A.2.4 Additional Data

Some information could not be derived from the main Data Table. To obtain this, it was necessary to write a special program. This program, called TEXTAN

^{100}(TEXT ANalysis), was designed to go through the text once and obtain the length of every sentence in words (where a sentence was defined as everything between the sentence delimiters ?, !, ., or a speech code.), and the length of every soliloquy, both in words, and in sentences. These lists were then broken down both by character, and by section. Using these lists of numbers as input to the SPSS BASSTATS routine (see below), it was possible to determine the mean sentence and soliloquy length for each character and section.A.2.5 Using SPSS

SPSS is a package of statistical routines, originally developed in America more than fifteen years ago. The name of the package is derived acronymically from Statistical Package for the Social Sciences, and as this suggests, the package was originally designed for psychological and related research. This is reflected in some of the coding conventions it adopts, and in its selection of statistical techniques. Many of these have no relevance to linguistic and literary research, but certain statistical routines are basic to a wide variety of fields, and it was possible to use these. The list of possible commands to SPSS is quite large, and reflects the sophistication of the package. SPSS requires the data input to it to be in a certain format and consequently special programs had to be written to rewrite the data in an acceptable form. These have not been included as they are basically mechanical in nature.

A.2.5.1 Averages

The SPSS routine BASSTATS (BASic STATisticS) provides several general and fundamental statistical measures.
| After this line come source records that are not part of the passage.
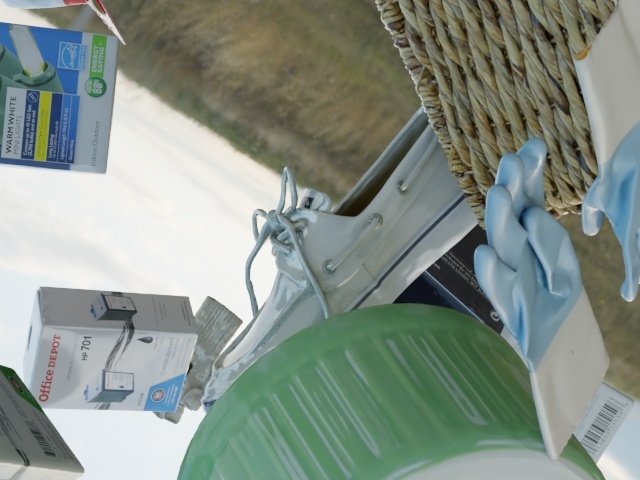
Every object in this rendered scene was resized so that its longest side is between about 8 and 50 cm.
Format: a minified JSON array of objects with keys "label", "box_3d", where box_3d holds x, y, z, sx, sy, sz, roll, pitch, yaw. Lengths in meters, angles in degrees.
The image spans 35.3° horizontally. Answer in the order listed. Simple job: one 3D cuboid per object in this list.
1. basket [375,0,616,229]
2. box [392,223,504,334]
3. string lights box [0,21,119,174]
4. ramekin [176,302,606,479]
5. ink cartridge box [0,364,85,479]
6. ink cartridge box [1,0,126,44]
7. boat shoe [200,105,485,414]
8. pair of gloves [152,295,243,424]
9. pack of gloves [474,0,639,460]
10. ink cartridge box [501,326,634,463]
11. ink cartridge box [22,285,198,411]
[{"label":"basket","box_3d":[0.210,-0.188,0.824,0.223,0.213,0.299,-12,111,50]},{"label":"box","box_3d":[0.129,0.043,1.322,0.183,0.296,0.294,41,-134,-6]},{"label":"string lights box","box_3d":[-0.327,-0.139,0.948,0.260,0.133,0.077,5,-179,-11]},{"label":"ramekin","box_3d":[0.059,0.211,0.714,0.303,0.303,0.148,31,-170,-31]},{"label":"ink cartridge box","box_3d":[-0.340,0.185,0.963,0.153,0.087,0.208,48,179,22]},{"label":"ink cartridge box","box_3d":[-0.394,-0.387,1.149,0.385,0.091,0.308,45,168,43]},{"label":"boat shoe","box_3d":[0.004,0.000,0.911,0.156,0.367,0.136,50,171,-17]},{"label":"pair of gloves","box_3d":[-0.150,0.227,1.495,0.240,0.204,0.042,43,-173,19]},{"label":"pack of gloves","box_3d":[0.145,-0.011,0.592,0.046,0.195,0.232,19,151,37]},{"label":"ink cartridge box","box_3d":[0.239,0.265,1.300,0.239,0.275,0.060,31,-178,-18]},{"label":"ink cartridge box","box_3d":[-0.265,0.138,1.257,0.191,0.139,0.082,4,-146,-23]}]
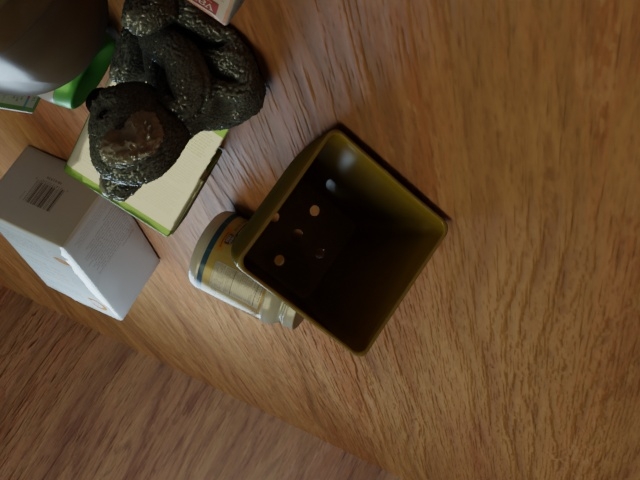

These include the Mean, the Variance, the Range of the input data, the Standard Error, the Kurtosis of the curve (assuming a standard distribution), the Minimum, the Maximum, the Skewness of the curve, and the Standard Deviation. Of all these, the mean or average was of most immediate interest for me. This measure was obtained for two groups of data. Firstly, it was used to determine the average wordlength for all the characters and all the sections. The data for this was taken from the table produced by TABBUILD. Special programs had to be written to extract the data and then reformat it so that SPSS could deal with it. These have also not been included. Secondly, it was used to determine the average sentence and soliloquy lengths for all the characters and sections. The data for this came from TEXTAN (section A.2.4). This too had to be reformatted to meet SPSS requirements.

A.2.5.2 Pearson Correlations

The SPSS routine PEARSON CORR is designed to provide a measure of the correlation between two variables, based on lists of the values taken by the two variables at the same time. (See also section 6.4). By way of illustration, take two variables X and Y. If high values for X are usually accompanied by high values for Y, then the correlation coefficient will positive, and close to +1.0. If high values for X are usually accompanied by low values for Y, then the correlation coefficient will be negative, and close to -1.0. If there is no relationship between values for X and values for Y, then the correlation coefficient will be close to 0. When it is required to correlate word lists for six characters, then the situation becomes more complicated. Here, the variables are the characters themselves, and the values are how often they use each word in the list of all the words used by all the characters. Two types of correlation were performed: firstly, correlations between characters for each section, and secondly, correlations between sections for each character. The first was of interest for the light it threw on the question of differentiation, and the second for development. The input to the SPSS routine was the lists of words used by the characters in each section produced by TABAN. Two further programs, TBYCHARS (Table BY CHARacters) and TBYSECTS (TABle BY SECTionS), had to be written to reformat these lists for SPSS. These have also not been included.